There is absolutely no warranty for GDB; type "show warranty" for details.
GDB 4.16 (sparc-sun-solaris2.5), Copyright 1996 Free Software Foundation, Inc...

Now set a breakpoint in main so the execution will stop there.

(gdb) break main
Breakpoint 1 at 0x10bb8: file public.c, line 19.

Now run the program.

(gdb) run
Starting program: /home/champion/e/cs354/test-grr/lab1-src/debug 
warning: Unable to find dynamic linker breakpoint function.
warning: GDB will be unable to debug shared library initializers
warning: and track explicitly loaded dynamic code.

Breakpoint 1, main (argc=1, argv=0xffbffae4) at public.c:19
19        printf ("Starting tests.\n");

Now the program has stopped in the first line of main.

In an editor open the file "public.c" so you can see line 19. To go to line 20 in"vi" type ":19".

To go to line 20 in xemacs type "esc-g 19" and enter.

Now type "next" ("n" for short) to execute line by line without entering to functions, or "step" ("s" for short) to enter into a function.

(gdb) n
Starting tests.
20        fflush (stdout);
(gdb) n
22        initialize_array ();
(gdb) s
initialize_array () at public.c:39
39        while (i < 20) {
(gdb) n
40          numbers[i] = i + 1;
(gdb) n

Program received signal SIGSEGV, Segmentation fault.
0x10c3c in initialize_array () at public.c:40
40          numbers[i] = i + 1;

At this point of the execution the program crashed, so print the value of "i":

(gdb) print i
$1 = -14040072

Now we see that the problem was that "i" was not initialized.
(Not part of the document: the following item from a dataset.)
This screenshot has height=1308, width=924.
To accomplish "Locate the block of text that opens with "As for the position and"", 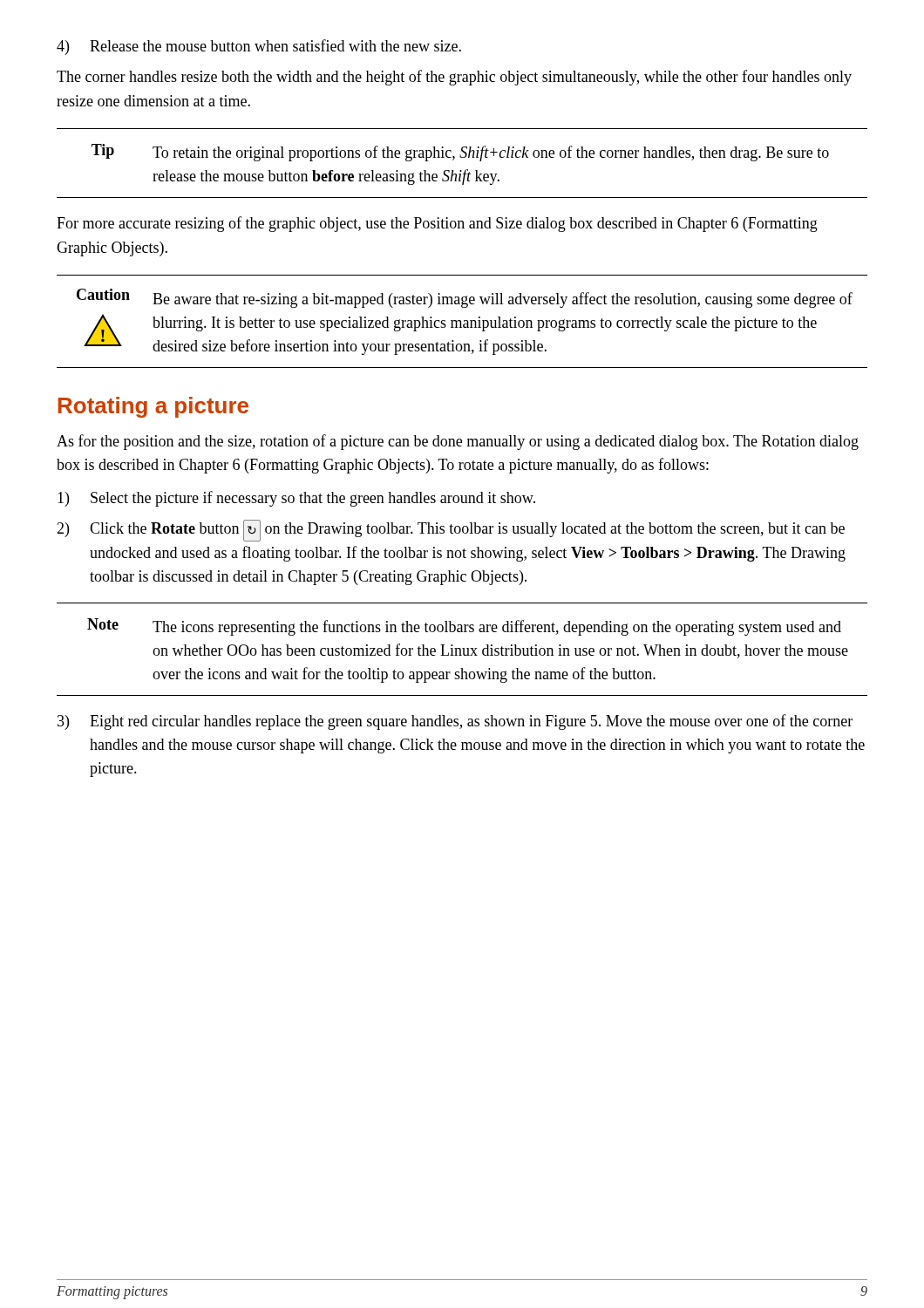I will pos(458,453).

This time we will run the program again and initialize "i" to 0 before the "while".

(gdb) run
The program being debugged has been started already.
Start it from the beginning? (y or n) y
Starting program: /home/champion/e/cs354/test-grr/lab1-src/debug 
warning: Unable to find dynamic linker breakpoint function.
warning: GDB will be unable to debug shared library initializers
warning: and track explicitly loaded dynamic code.
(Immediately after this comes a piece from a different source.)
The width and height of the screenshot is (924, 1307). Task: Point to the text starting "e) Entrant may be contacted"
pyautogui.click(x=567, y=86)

Breakpoint 1, main (argc=1, argv=0xffbffae4) at public.c:19
19        printf ("Starting tests.\n");
(gdb) n
Starting tests.
20        fflush (stdout);
(gdb) n
22        initialize_array ();
(gdb) s
initialize_array () at public.c:39
39        while (i < 20) {

Now lets make "i=0"

(gdb) print i=0
$2 = 0
(gdb) next
40          numbers[i] = i + 1;
(gdb) next
41          i++;
(gdb) next
42        }

Since we need to type "next" about 60 times and your fingers may get tired (besides of being error prone), we will insert a breakpoint after the "while" statement and continue the execution until the while statement finishes.

(gdb) break 44
Breakpoint 2 at 0x10c54: file public.c, line 44.
(gdb) cont
Continuing.

Breakpoint 2, initialize_array () at public.c:44
44        private_array_check (numbers);
(gdb) print i
$3 = 20

The problem seems to be solved and you are about to execute the procedure that will print the line that you will paste in the file gdbtokens.txt. Type "next".

(gdb) next
Array token: arDBDstpahv5k
45      }
(gdb)

Copy and paste this line in the file gdbtokens.txt. These lines are different for each student.
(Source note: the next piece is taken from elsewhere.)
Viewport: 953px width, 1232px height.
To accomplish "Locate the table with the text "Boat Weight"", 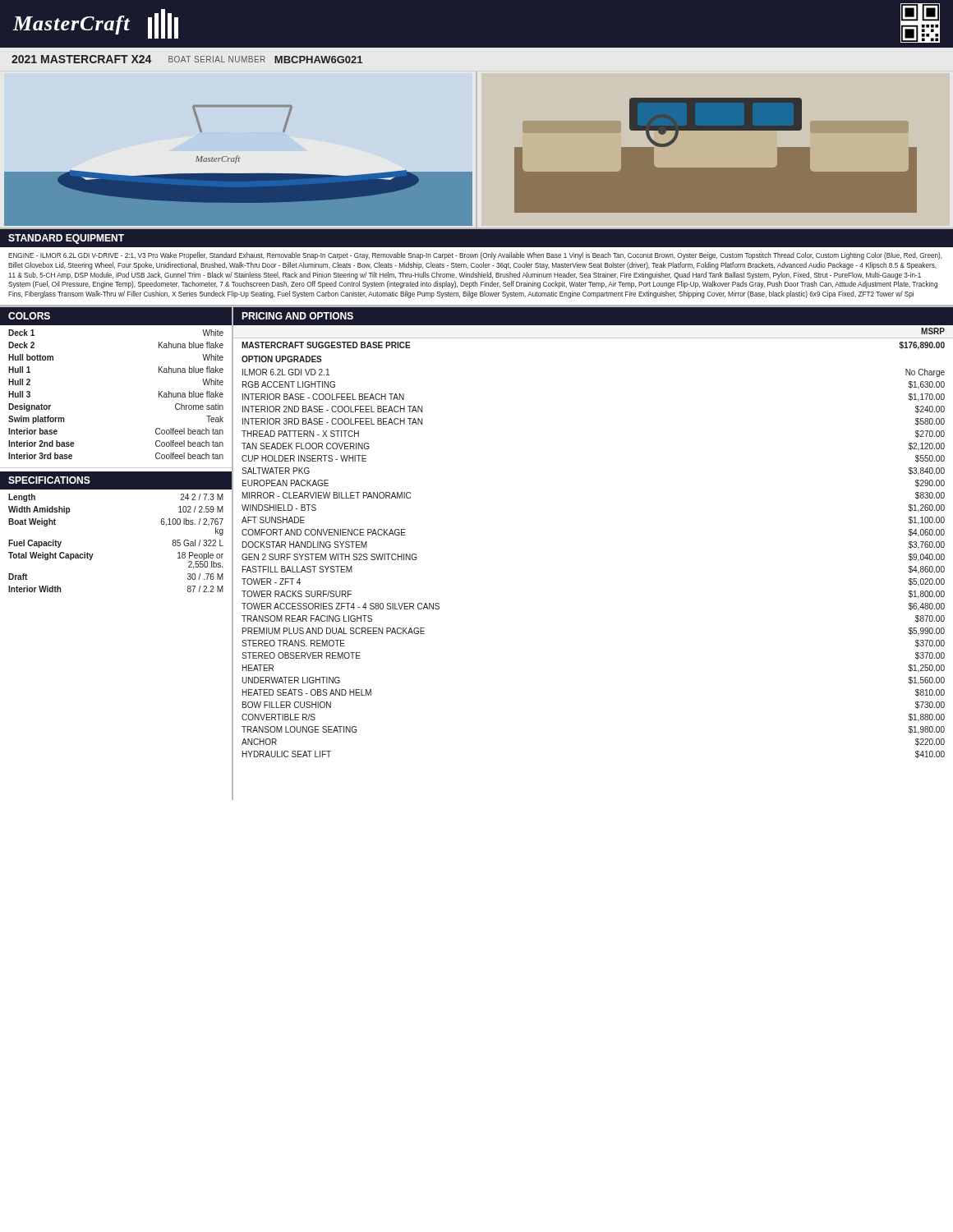I will tap(116, 543).

There are three procedures that you have to fix including the one mentioned above so you will need to paste three lines in the file gdbtokens.txt. Remember that the "print" statement in gdb can be used to temporally fix the code in the program you are debugging. Also, another hint is that if you type the enter key in gdb it will execute the last command you typed.

More help on gdb can be found at the gdb homepage, as well as in many online tutorials. (Try searching for gdb tutorial on Google.)

Turning in the project

This project is due on Monday January 23rd, 2012 before 11:59 PM.

Make sure the files mappings.txt and gdbtokens.txt are in your lab1-src directory.
Change directories to your lab1-src directory.
Type 'make' and ensure that everything built correctly.
Type 'make clean' to clean up the object files.
Use 'cd ..' to change to the parent directory of your lab1-src directory.
Type 'turnin -c cs250 -p lab1 lab1-src' to submit your work for lab 1.
Type 'turnin -c cs250 -p lab1 -v' and verify that the files you submitted are correct.